I am sure elm does better, but at first glance it scares me ;)

------
codygman
Languages such as Haskell which move more logic into the type system are
safer.

A big reason for this is that the errors are more often than not at compile
time.

I'm the real world this means you deal with a bug after trying to compile,
rather than an intern 8 months later trying to fix a runtime error, who is
struggling to understand the codebase, much less make a good bugfix that also
takes backwards compatibility into account.

------
squiguy7
This is an extremely loaded question. With that being said I think it's
obvious that any languages with weak typing and a dynamic runtime will be more
prone to hidden errors. Compilers are getting much more impressive in how they
can catch common errors for static languages.

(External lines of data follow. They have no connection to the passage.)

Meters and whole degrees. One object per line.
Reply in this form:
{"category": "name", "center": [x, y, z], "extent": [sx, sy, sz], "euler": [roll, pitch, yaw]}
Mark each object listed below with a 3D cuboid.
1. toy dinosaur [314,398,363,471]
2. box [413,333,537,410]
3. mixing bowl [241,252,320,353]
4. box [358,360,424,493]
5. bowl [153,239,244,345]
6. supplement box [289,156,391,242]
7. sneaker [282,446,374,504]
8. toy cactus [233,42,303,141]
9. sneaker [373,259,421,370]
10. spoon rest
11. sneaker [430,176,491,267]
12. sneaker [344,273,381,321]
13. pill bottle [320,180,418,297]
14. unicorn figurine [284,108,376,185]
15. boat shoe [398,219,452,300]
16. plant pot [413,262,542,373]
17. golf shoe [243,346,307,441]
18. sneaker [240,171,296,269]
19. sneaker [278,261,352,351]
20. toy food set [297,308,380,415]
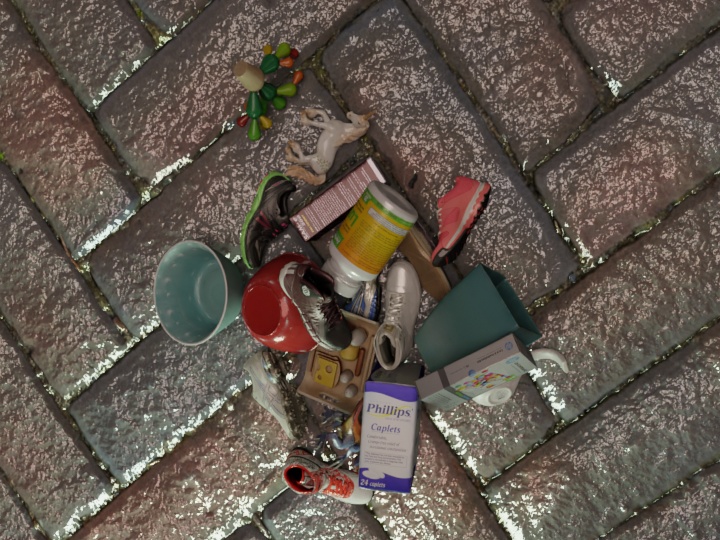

So those languages that try and protect the programmer the most will generally
produce better code.

------
bbcbasic
Coq. Mathematical proof it works then generates the Haskell. Not exactly a
rapid application development tool though.

------
drallison
WizardlySquid's comment below was greyed out, probably in error. I have
fetched it out of limbo because the point being made is cogent and important.

 _WizardlySquid 1 hour ago [dead]_

 _Languages don 't create bug, people create bugs and there will always be
bugs. Instead of looking for the new hotness just study your chosen language
more, carefully research your problem, spend more time designing your system
to be fault more tolerant and test the system to find the bugs you do have. If
we're talking only about languages introducing bugs it's best to have a mature
language that works best for your problem and that you are proficient at._

I agree. Programming languages are tools. They help structure problem solving.
They provide convenient notations. They have hidden gotchas (sometimes). Some
languages may be a better match to a particular problem than another.
Programming languages are not a substitute for thought, careful design, and
analysis. Language flame wars, endless comparisons, strong assertions of
language goodness, and anecdotal tales of greatness are fun to read, sometimes
provocative, but in the end remain (for me) unconvincing.

------
setra
Haskell, and Rust tend to be pretty safe.

------
bjourne
Essentially every language claims to be that one. Python, Haskell, Scheme,
Java, Erlang, Rust .. There is no true answer yet.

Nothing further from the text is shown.